Frege refutes this version of the ontological argument — not the only or best version I hasten to add — in one sentence: Weil Existenz Eigenschaft des Begriffes ist, erreicht der ontologische Beweis von der Existenz Gottes sein Ziel nicht. (Grundlagen der Arithmetik, sec. 53)  "Because existence is a property of concepts, the ontological argument for the existence of God fails to attain its goal." What Frege is saying is that the ontological argument "from mere concepts" rests on the mistake of thinking of existence as a mark of concepts as opposed to a property of concepts.  No concept for Frege is such that existence is included within it. Existence is rather a property of concepts, the property of having an instance.

The other application of my rejection of the scholastic formula above is to the logical question of the correct interpretation of singular propositions. The scholastics treat singulars as if they are generals.  But if Frege is right, this is a grave logical error since it rides roughshod over the mark/property distinction. To drag this all into the full light of day would take many more posts.

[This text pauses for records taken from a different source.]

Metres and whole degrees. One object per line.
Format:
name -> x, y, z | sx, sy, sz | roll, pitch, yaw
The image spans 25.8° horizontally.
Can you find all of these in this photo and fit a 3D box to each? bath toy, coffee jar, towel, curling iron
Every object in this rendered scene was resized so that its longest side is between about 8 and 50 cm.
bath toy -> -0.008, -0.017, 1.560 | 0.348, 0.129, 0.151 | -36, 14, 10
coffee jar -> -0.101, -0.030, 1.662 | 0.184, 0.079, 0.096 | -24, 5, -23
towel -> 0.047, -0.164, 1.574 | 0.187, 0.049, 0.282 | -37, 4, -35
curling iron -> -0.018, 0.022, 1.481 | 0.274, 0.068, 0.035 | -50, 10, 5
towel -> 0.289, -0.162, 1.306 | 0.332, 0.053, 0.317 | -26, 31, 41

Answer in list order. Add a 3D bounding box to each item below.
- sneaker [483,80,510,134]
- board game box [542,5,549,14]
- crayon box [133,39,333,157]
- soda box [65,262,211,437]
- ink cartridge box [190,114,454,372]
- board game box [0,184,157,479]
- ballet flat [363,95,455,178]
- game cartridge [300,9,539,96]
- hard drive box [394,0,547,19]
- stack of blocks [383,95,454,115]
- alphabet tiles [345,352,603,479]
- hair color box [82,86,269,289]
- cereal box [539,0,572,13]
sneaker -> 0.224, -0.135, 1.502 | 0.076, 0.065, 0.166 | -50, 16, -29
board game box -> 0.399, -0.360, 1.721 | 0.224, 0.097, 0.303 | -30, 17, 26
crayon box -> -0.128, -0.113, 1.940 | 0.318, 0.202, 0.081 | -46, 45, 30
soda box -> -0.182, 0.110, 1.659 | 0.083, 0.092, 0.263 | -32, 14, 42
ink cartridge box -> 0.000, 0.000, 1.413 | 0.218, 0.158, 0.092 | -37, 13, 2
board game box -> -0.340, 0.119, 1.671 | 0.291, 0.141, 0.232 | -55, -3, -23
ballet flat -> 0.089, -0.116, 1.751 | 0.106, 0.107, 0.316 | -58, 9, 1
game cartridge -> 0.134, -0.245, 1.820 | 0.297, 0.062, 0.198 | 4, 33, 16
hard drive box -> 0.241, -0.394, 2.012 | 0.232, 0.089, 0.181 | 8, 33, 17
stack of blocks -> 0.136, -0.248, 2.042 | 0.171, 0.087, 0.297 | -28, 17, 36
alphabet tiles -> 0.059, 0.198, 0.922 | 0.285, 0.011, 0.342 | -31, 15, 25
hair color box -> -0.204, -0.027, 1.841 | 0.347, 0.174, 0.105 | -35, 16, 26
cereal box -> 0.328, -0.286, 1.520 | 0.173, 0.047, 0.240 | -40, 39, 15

Counterexamples and Outliers

An exception to a universal generalization is a counterexample that refutes the generalization. All you need is one. Generic statements cannot, however, be similarly refuted. 'Nuns don't smoke cigars' is a generic statement. If you turn up a nun who smokes cigars I won't take you to have refuted the generic statement. I'll dismiss the exception as an 'outlier.' 

Memo to self: develop this line of thinking and then apply it to 'hot button' issues such as race. Is Candace Owens representative of black females or is she an 'outlier'? And to which generic statements is she an outlier?  You won't touch this question, will you? Not with an eleven-foot pole, which is the pole you use to touch questions you won't touch  with a ten-foot pole. 

See my aptly appellated entry, Generic Statements, for more on generic statements.

Questions about a Lukasiewicz Passage

E. B. sent this:

http://www.logicmuseum.com/wiki/Logical_form_(Lukasiewicz)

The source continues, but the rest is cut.